2.4. Threshold Selection
How to select the threshold values of T1 and T2 is very important for biological experimental interpretation. Different threshold values lead to different results. If the T1 is high and T2 is low, the graph has few edges and many isolated vertices. As T1 decreases and T2 increases, more edges are added to the graph, until it is completely connected. A graph with a large number of isolated vertices generally will fail to fall into a clique, but too many edges will cause a lot of overlapped cliques, which also are not very informative for data analysis. Proper thresholds will lead to a proper percentage of isolated vertices and reasonable experimental results. The threshold values are related with data sources and data types, and so forth, and they can be selected by graph density and percentage of isolated vertex. Figure 2 gives the gene networks for normalized simulated gene data by MIClique algorithm. The percentage of isolated vertices decreases and the number of edges increases as T1 decreases and T2 increases.
3. Results and Discussion
Real gene expression data including colon dataset and Leukemia dataset are selected to illustrate the application of the proposed MIClique algorithm [22, 23]. The colon dataset contains expression levels of 2000 genes with the highest minimal intensity selected from 6500 genes across 62 samples, 40 tumor samples, and 22 normal samples. The dataset was normalized before further data analysis. The leukemia dataset contains gene expression profiles of acute leukemias measured using Affymetrix high-density oligonucleotide arrays: acute lymphoblastic leukemia (ALL) and acute myeloid leukemia (AML). The dataset contains 7129 human genes, 47 cases of ALL (38 B-cell ALL and 9 T-cell ALL), and 25 cases of AML. Only 3374 genes remained after data preprocessing.

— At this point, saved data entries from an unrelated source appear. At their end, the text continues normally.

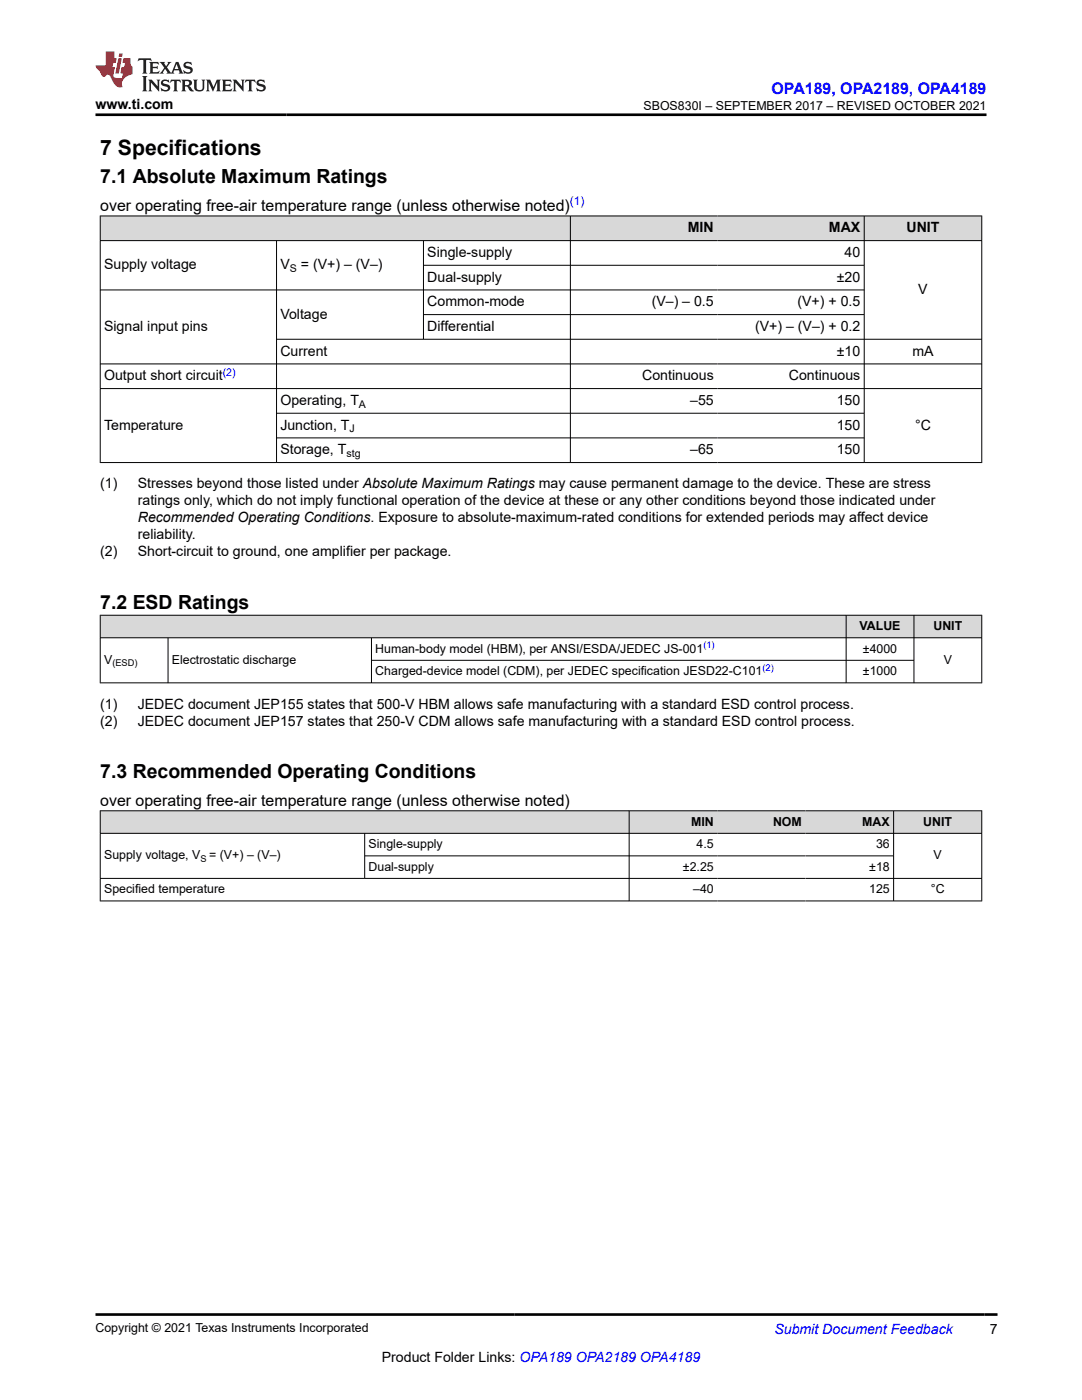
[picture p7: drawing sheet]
<svg xmlns="http://www.w3.org/2000/svg" width="216mm" height="279mm" viewBox="0 0 216 279" stroke-linecap="round" stroke-linejoin="round" font-family="sans-serif">
<defs><g id="words">
<text font-size="4.2" x="20" y="30.9">7 Specifications</text>
<g font-size="3.9">
<text x="20" y="36.6">7.1 Absolute Maximum Ratings</text>
<text x="20" y="121.5">7.2 ESD Ratings</text>
<text x="20" y="155.3">7.3 Recommended Operating Conditions</text>
</g>
<text font-size="3.2" fill="#00f" x="154" y="18.7">OPA189, OPA2189, OPA4189</text>
<g font-size="3.2">
<text x="20" y="42">over operating free-air temperature range (unless otherwise noted)</text>
<text x="20" y="160.8">over operating free-air temperature range (unless otherwise noted)</text>
</g>
<g font-size="2.8">
<text x="19" y="21.8">www.ti.com</text>
<text x="137.3" y="46.4">MIN</text>
<text x="165.4" y="46.4">MAX</text>
<text x="180.9" y="46.4">UNIT</text>
<text x="20.8" y="53.8">Supply voltage</text>
<text x="55.9" y="53.8">V</text>
<text x="60" y="53.8">= (V+) – (V–)</text>
<text x="85.3" y="51.3">Single-supply</text>
<text x="168.5" y="51.3">40</text>
<text x="85.3" y="56.2">Dual-supply</text>
<text x="167" y="56.2">±20</text>
<text x="183.2" y="58.7">V</text>
<text x="55.9" y="63.6">Voltage</text>
<text x="85.3" y="61.1">Common-mode</text>
<text x="130" y="61.1">(V–) – 0.5</text>
<text x="159.1" y="61.1">(V+) + 0.5</text>
<text x="20.8" y="66.1">Signal input pins</text>
<text x="55.9" y="71">Current</text>
<text x="85.3" y="66.1">Differential</text>
<text x="150.7" y="66.1">(V+) – (V–) + 0.2</text>
<text x="167" y="71">±10</text>
<text x="182.1" y="71">mA</text>
<text x="20.8" y="75.9">Output short circuit</text>
<text x="128.1" y="75.9">Continuous</text>
<text x="157.4" y="75.9">Continuous</text>
<text x="55.9" y="80.8">Operating, T</text>
<text x="137.7" y="80.8">–55</text>
<text x="167" y="80.8">150</text>
<text x="20.8" y="85.7">Temperature</text>
<text x="55.9" y="85.7">Junction, T</text>
<text x="167" y="85.7">150</text>
<text x="182.6" y="85.7">°C</text>
<text x="55.9" y="90.7">Storage, T</text>
<text x="137.7" y="90.7">–65</text>
<text x="167" y="90.7">150</text>
<text x="20" y="97.5">(1)</text>
<text x="27.5" y="97.5">Stresses beyond those listed under Absolute Maximum Ratings may cause permanent damage to the device. These are stress</text>
<text x="27.5" y="100.9">ratings only, which do not imply functional operation of the device at these or any other conditions beyond those indicated under</text>
<text x="27.5" y="104.2">Recommended Operating Conditions. Exposure to absolute-maximum-rated conditions for extended periods may affect device</text>
<text x="27.5" y="107.6">reliability.</text>
<text x="20" y="111">(2)</text>
<text x="27.5" y="111">Short-circuit to ground, one amplifier per package.</text>
<text x="20" y="141.4">(1)</text>
<text x="27.5" y="141.4">JEDEC document JEP155 states that 500-V HBM allows safe manufacturing with a standard ESD control process.</text>
<text x="20" y="144.8">(2)</text>
<text x="27.5" y="144.8">JEDEC document JEP157 states that 250-V CDM allows safe manufacturing with a standard ESD control process.</text>
<text x="197.5" y="266.1">7</text>
<text x="76.2" y="271.7">Product Folder Links: OPA189 OPA2189 OPA4189</text>
</g>
<text font-size="2.8" fill="#00f" x="154.5" y="266.2">Submit Document Feedback</text>
<g font-size="2.5">
<text x="128.4" y="21.9">SBOS830I – SEPTEMBER 2017 – REVISED OCTOBER 2021</text>
<text x="171.5" y="125.7">VALUE</text>
<text x="186.3" y="125.7">UNIT</text>
<text x="74.9" y="130.2">Human-body model (HBM), per ANSI/ESDA/JEDEC JS-001</text>
<text x="172.2" y="130.2">±4000</text>
<text x="20.8" y="132.5">V</text>
<text x="34.3" y="132.5">Electrostatic discharge</text>
<text x="74.9" y="134.7">Charged-device model (CDM), per JEDEC specification JESD22-C101</text>
<text x="172.2" y="134.7">±1000</text>
<text x="188.3" y="132.5">V</text>
<text x="137.9" y="164.8">MIN</text>
<text x="154.3" y="164.8">NOM</text>
<text x="172.1" y="164.8">MAX</text>
<text x="184.2" y="164.8">UNIT</text>
<text x="20.8" y="171.5">Supply voltage, V</text>
<text x="41.7" y="171.5">= (V+) – (V–)</text>
<text x="73.5" y="169.3">Single-supply</text>
<text x="73.5" y="173.8">Dual-supply</text>
<text x="136.3" y="173.8">±2.25</text>
<text x="139" y="169.3">4.5</text>
<text x="173.4" y="173.8">±18</text>
<text x="174.8" y="169.3">36</text>
<text x="186.3" y="171.5">V</text>
<text x="20.8" y="178.3">Specified temperature</text>
<text x="138.3" y="178.3">–40</text>
<text x="173.4" y="178.3">125</text>
<text x="185.7" y="178.3">°C</text>
<text x="19" y="265.9">Copyright © 2021 Texas Instruments Incorporated</text>
</g>
<text font-size="2.4" fill="#00f" x="113.7" y="41">(1)</text>
<g font-size="2.1">
<text x="57.8" y="54.3">S</text>
<text x="71.6" y="81.4">A</text>
<text x="69.8" y="86.3">J</text>
<text x="69.1" y="91.2">stg</text>
</g>
<text font-size="2.1" fill="#00f" x="44.5" y="75">(2)</text>
<g font-size="1.9" fill="#00f">
<text x="140.4" y="129.4">(1)</text>
<text x="152.2" y="133.9">(2)</text>
</g>
<g font-size="1.9">
<text x="22.4" y="133">(ESD)</text>
<text x="40" y="172">S</text>
</g>
</g></defs>
<g fill="#d8d8d8">
<path d="M20 43.1h175.9v4.9h-175.9z" fill-rule="evenodd"/>
<path d="M20.1 43.2h93.7v4.8h-93.7z" fill-rule="evenodd"/>
<path d="M113.9 43.2h29.2v4.8h-29.2z" fill-rule="evenodd"/>
<path d="M143.1 43.2h29.3v4.8h-29.3z" fill-rule="evenodd"/>
<path d="M172.5 43.2h23.3v4.8h-23.3z" fill-rule="evenodd"/>
</g>
<g fill="none" stroke="#000" stroke-width=".2">
<path d="M19.9 43.1h176.1M19.9 48h176.1M19.9 57.9h152.6M20 43v49.4M55.2 48v44.4M84.5 48v19.8M84.5 52.9h88M113.8 43v49.4M172.4 43v49.4M195.9 43v49.4M19.9 77.5h176.1M84.5 62.8h88"/>
<path d="M196 67.7h-140.8M196 72.6h-176.1M19.9 92.3h176.1M55.2 82.5h117.3M55.2 87.4h117.3"/>
</g>
<g fill="#d8d8d8">
<path d="M20 122.8h175.9v4.5h-175.9z" fill-rule="evenodd"/>
<path d="M20.1 122.8h148.7v4.4h-148.7z" fill-rule="evenodd"/>
<path d="M168.9 122.8h13.4v4.4h-13.4z" fill-rule="evenodd"/>
<path d="M182.4 122.8h13.4v4.4h-13.4z" fill-rule="evenodd"/>
</g>
<path d="M19.9 122.8h176.1M19.9 127.3h176.1M19.9 136.3h176.1M20 122.7v13.6M33.5 127.3v9M74.1 127.3v9M74.1 131.8h108.3M168.8 122.7v13.6M182.4 122.7v13.6M195.9 122.7v13.6" fill="none" stroke="#000" stroke-width=".2"/>
<g fill="#d8d8d8">
<path d="M20 161.8h175.9v4.5h-175.9z" fill-rule="evenodd"/>
<path d="M20.1 161.9h105.4v4.3h-105.4z" fill-rule="evenodd"/>
<path d="M125.6 161.9h17.5v4.3h-17.5z" fill-rule="evenodd"/>
<path d="M143.1 161.9h17.6v4.3h-17.6z" fill-rule="evenodd"/>
<path d="M160.7 161.9h17.5v4.3h-17.5z" fill-rule="evenodd"/>
<path d="M178.4 161.9h17.4v4.3h-17.4z" fill-rule="evenodd"/>
</g>
<path d="M19.9 161.8h176.1M19.9 166.3h176.1M19.9 175.3h176.1M19.9 179.8h176.1M20 161.7v18.2M72.8 166.3v9.1M72.8 170.8h105.6M125.5 161.7v18.2M178.3 161.7v18.2M195.9 161.7v18.2" fill="none" stroke="#000" stroke-width=".2"/>
<path d="M27.7 11.6l-.2 .6 .5-.2h.6v.1v2.2l-.2 .4h1l-.2-.4v-2.2v-.1h.5l.5 .2-.1-.6zM29.8 12.4l.2 .3v1.6l-.2 .4h1.9l.1-.6a1.08 1.08 0 0 1-1.3 .2v-.7h.6l.4 .2v-.7l-.4 .2h-.6v-.5l.2-.2a1 1 0 0 1 1 .3l-.1-.5zM31.8 12.4l1 1.1-1 1.2h.9l-.2-.2 .4-.8 .5 .8-.2 .2h1.6l-.2-.2 .1-.5h1l.1 .5-.1 .2h.9l-.2-.4-.8-1.9h-.5l-1 2.1-.8-1.1 .9-1h-.8l.2 .2-.5 .6-.3-.6 .1-.2zM35.2 12.8l.4 1h-.8zM36.8 12.5a.65 .65 0 0 0-.2 .7 .65 .65 0 0 0 .6 .5l.7 .1 .1 .3a.79 .79 0 0 1-.7 .4 .79 .79 0 0 1-.7-.5l.1 .7 .2-.1a.93 .93 0 0 0 1.1 0 .93 .93 0 0 0 .4-.9 1.46 1.46 0 0 0-1.2-.6l-.1-.3a1.09 1.09 0 0 1 1.2 .2l-.2-.6-.1 .1-.6-.2zM28.4 15.2l.2 .4v2.2l-.2 .4h1l-.2-.4v-2.2l.2-.4zM29.6 15.9l.2 .4v1.5l-.2 .4h.8l-.3-.4v-1.3l1.7 1.8v-2l.2-.4h-.8l.2 .2 .1 1.1-1.2-1.3zM32.3 16a.65 .65 0 0 0-.2 .8 .65 .65 0 0 0 .7 .4l.6 .2 .1 .2a.79 .79 0 0 1-.7 .4 .79 .79 0 0 1-.7-.5l.1 .7 .2-.1a.93 .93 0 0 0 1.1 .1 .93 .93 0 0 0 .4-1 1.46 1.46 0 0 0-1.2-.5l-.1-.4a1.09 1.09 0 0 1 1.2 .2l-.2-.6-.1 .1-.6-.1zM34.1 15.9l-.1 .6a.63 .63 0 0 1 .7-.3l.1 1.6-.3 .4h1l-.2-.4v-1.6a.66 .66 0 0 1 .8 .3l-.1-.6zM36.2 15.9l.2 .4v1.5l-.2 .4h.9l-.2-.2v-.7h.5l.1 .2a.79 .79 0 0 0 1.2 .6l-1-.9a.61 .61 0 0 0 .6-.6 .61 .61 0 0 0-.5-.7zM36.9 16.2h.2a.47 .47 0 0 1 .5 .1 .47 .47 0 0 1 .1 .5l-.2 .1-.6 .1zM38.5 15.9l.2 .2a2.27 2.27 0 0 0 .4 2 1.04 1.04 0 0 0 1.7-.7v-1.3l.2-.2h-.8l.2 .4v1.1a.6 .6 0 0 1-.6 .6 .6 .6 0 0 1-.6-.6v-1.1l.3-.4zM41.1 15.9l.2 .4v1.5l-.2 .4h.7l-.2-.4v-1.4l.9 1.9 .8-1.9v1.4l-.2 .4h1l-.3-.4v-1.5l.3-.4h-.8l-.7 1.5-.7-1.5zM44.3 15.9l.2 .4v1.5l-.2 .4h1.9l.1-.6a1.09 1.09 0 0 1-1.3 .2v-.7h.6l.4 .2v-.6l-.4 .2h-.6v-.6l.2-.1a1.01 1.01 0 0 1 1 .3l-.1-.6zM46.4 15.9l.3 .4v1.5l-.3 .4h.8l-.2-.4v-1.3l1.6 1.8v-2l.2-.4h-.7l.2 .2v1.1l-1.2-1.3zM49 15.9l-.1 .6a.63 .63 0 0 1 .8-.3v1.6l-.3 .4h1l-.2-.4v-1.6a.66 .66 0 0 1 .8 .3l-.1-.6zM51.4 16a.65 .65 0 0 0-.2 .8 .65 .65 0 0 0 .6 .4l.6 .2 .2 .2a.79 .79 0 0 1-.8 .4 .79 .79 0 0 1-.6-.5l.1 .7 .2-.1a.93 .93 0 0 0 1 .1 .93 .93 0 0 0 .5-1 1.46 1.46 0 0 0-1.3-.5l-.1-.4a1.09 1.09 0 0 1 1.3 .2l-.2-.6-.2 .1-.5-.1z" fill="#231f20"/>
<path d="M21.1 10.3v2.7h-2.1l.1 .4 .9 1a.95 .95 0 0 0 .9 .9 .59 .59 0 0 1 .6-.4 .59 .59 0 0 1 .5 .3l.4 .8a1.59 1.59 0 0 0 2.1 1.4 1.61 1.61 0 0 1 1-2.3l1-.3-.1-1.5a1.59 1.59 0 0 1-.4-1.7h-1.4l-.2 .9h.5l-.1 .9h-.5l-.2 .9v.3l.4 .1-.2 .9h-.6a.73 .73 0 0 1-1.1-.7l.3-1.5h-.5l.2-.9h.5l.2-.9h-.5v-1.3zM23.6 11.6l-.6 3.1h.7l.6-3.1zM23.8 10.7l-.1 .6h.7l.1-.6z" fill="#ed1c24"/>
<path d="M19 22.9h177.8M19 262.3h180" fill="none" stroke="#000" stroke-width=".53"/>
<use href="#words"/>
</svg>

3.1. Results of Colon Dataset
Different threshold values are selected for colon dataset. Figure 3 gives the percentage of isolated vertices and the density of the graph (number of edges present in graph divided by maximum possible number of edges, which is C20002). The final thresholds for colon data are selected as T1 = 2.2 and T2 = 1.0. Then the data are transformed into gene network by MIClique algorithm.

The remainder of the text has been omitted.